Venous thrombosis can induce recurrent thromboembolism, peripheral edema, and inflammation as well as accelerated diabetic atherosclerosis. Those patients with DVT had 2.7 ~ 7.1% PTS for 1 ~ 3 years observation, and diabetes is also a risk factor of PTS (2.3-fold) (26). Residual thrombus venous hypertension has been shown to play a central pathogenetic role in PTS, and in turn to cause dilatation of the capillaries and increased endothelial permeability to plasma, proteins, and erythrocytes (32). The consequences of PTS can result in valve insufficiency, chronic edema, inflammation, hyperpigmentation of the skin, and stasis dermatitis, or even the development of a venous ulcer. Persistent edema has been shown to affect wound healing (33) and induce an inflammatory cascade as evidenced by increasing levels of CRP (C-Reactive Protein), platelet aggregation (34), endothelial dysfunction (35), coagulation disturbance and cytokine activation.
Strengths and Limitations
DVT is less prevalent in Asia than in European countries, and the NHIRD is a good resource for such investigations. However, retrospective surveys have inherent limitations including a lack of data on DVT/PTS severity, echo reports, laboratory findings, body weight, lifestyle habits (such as smoking), infected wound condition and physical activity. The RIETE registry observed that the characteristics of obesity and DVT treatment (duration or drugs) failed to predict the risk PTS after acute DVT (26). Hyperglycemia affects diabetic vascular complications, however, A1c level is not a predictor associated with amputation (5) or recurrent VTE (36). Inadequate self-care, living alone without family support, lower social-economic status, and infection with a high white blood cell count have also been shown to be independent risk factors for adverse outcomes in long-term wound care.
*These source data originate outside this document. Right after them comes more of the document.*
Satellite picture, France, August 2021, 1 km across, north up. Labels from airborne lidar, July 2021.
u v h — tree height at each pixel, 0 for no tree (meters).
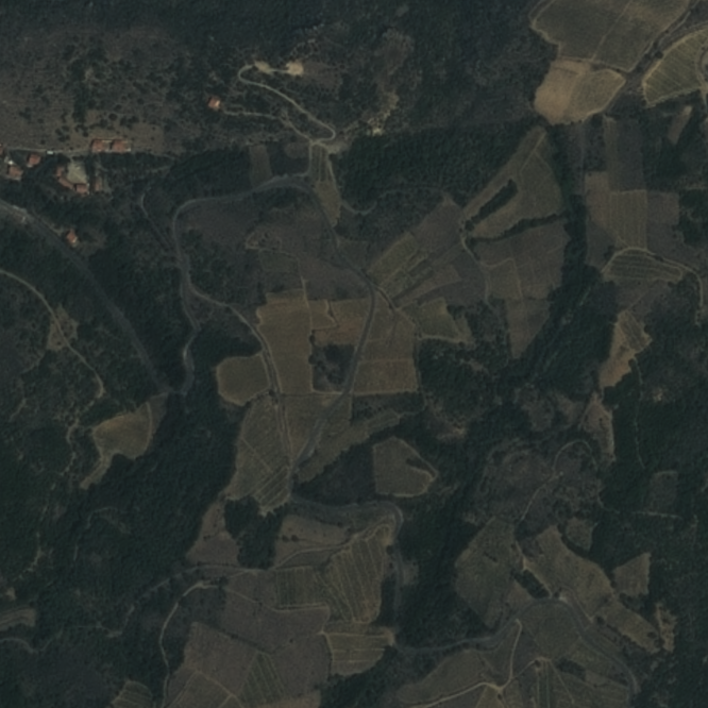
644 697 9
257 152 0
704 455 9
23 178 6
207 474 9
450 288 0
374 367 0
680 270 0
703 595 6
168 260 7
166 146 0
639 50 0
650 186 6
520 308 0
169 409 14
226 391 0
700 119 6
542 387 11
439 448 12
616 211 0
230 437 7
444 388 8
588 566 0
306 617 0
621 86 0
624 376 7
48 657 6
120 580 7
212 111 6
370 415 5
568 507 8
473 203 0
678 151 10
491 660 0
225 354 8
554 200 0
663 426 9
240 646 0
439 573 12
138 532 7
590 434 6
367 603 0
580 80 0
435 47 8
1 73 0
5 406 6
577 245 14
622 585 0
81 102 6
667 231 0
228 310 8
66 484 10
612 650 0
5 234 9
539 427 0
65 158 9
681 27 0
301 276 0
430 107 7
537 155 0
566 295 16
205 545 0
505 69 6
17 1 7
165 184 6
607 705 0
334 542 0
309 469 0
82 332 13
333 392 0
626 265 0
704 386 12
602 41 0
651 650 0
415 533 7
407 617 12
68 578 8
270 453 0
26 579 6
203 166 8
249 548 8
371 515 0
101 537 7
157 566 7
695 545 6
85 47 6
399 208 7
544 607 0
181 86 6
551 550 0
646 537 7
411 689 0
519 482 0
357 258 0
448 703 0
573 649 0
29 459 7
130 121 6
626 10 0
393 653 6
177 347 11
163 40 0
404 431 12
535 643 0
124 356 8
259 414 0
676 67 0
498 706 0
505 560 0
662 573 6
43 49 0
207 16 5
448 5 8
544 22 0
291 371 0
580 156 0
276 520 13
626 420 9
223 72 5
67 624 6
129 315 8
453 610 7
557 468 0
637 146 0
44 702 8
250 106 6
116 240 7
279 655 0
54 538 8
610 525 6
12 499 13
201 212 0
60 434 6
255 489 0
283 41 5
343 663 0
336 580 0
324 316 0
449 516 6
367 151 8
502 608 0
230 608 0
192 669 0
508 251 0
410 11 6
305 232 0
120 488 12
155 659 9
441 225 0
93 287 11
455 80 5
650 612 9
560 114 0
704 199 8
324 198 0
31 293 8
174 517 7
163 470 9
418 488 0
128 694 0
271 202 6
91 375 8
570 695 0
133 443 0
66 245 7
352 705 12
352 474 6
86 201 6
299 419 0
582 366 6
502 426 6
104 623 6
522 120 5
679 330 6
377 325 0
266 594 0
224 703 0
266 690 0
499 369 7
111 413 10
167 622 0
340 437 0
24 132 0
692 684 7
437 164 7
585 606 0
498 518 0
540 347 9
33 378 7
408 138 7
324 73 0
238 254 0
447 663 0
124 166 11
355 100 6
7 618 0
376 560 0
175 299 6
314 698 0
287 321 0
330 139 0
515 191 7
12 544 10
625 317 0
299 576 0
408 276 0
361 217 6
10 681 8
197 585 0
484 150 7
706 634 8
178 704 0
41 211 7
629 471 8
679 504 6
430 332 0
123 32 0

This may also suggest that we underestimated ulcer/gangrene and severity because less severe foot cases may have been treated at clinics. However, in-hospital records of ulcer and gangrene may be considered to be critical limb events. Thrombophilia and hyperhomocysteinemia have been reported to contribute to both venous and arterial thrombosis (37). Many factors involving hypercoagulation status are likely to be lost in general practice. We excluded patients with malignancy and autoimmune diseases associated with unprovoked DVT to decrease the effects of hypercoagulation status and recurrent DVT under inadequate therapy.
In conclusion, we found independent associations between DVT and MALE outcomes including major limb amputation, systemic thromboembolism, and mortality in patients with type 2 diabetes. The impact of a history of DVT highlights the importance of thrombotic prevention in diabetic foot care. We needed a further large-scale randomized control trial to prove the relationship.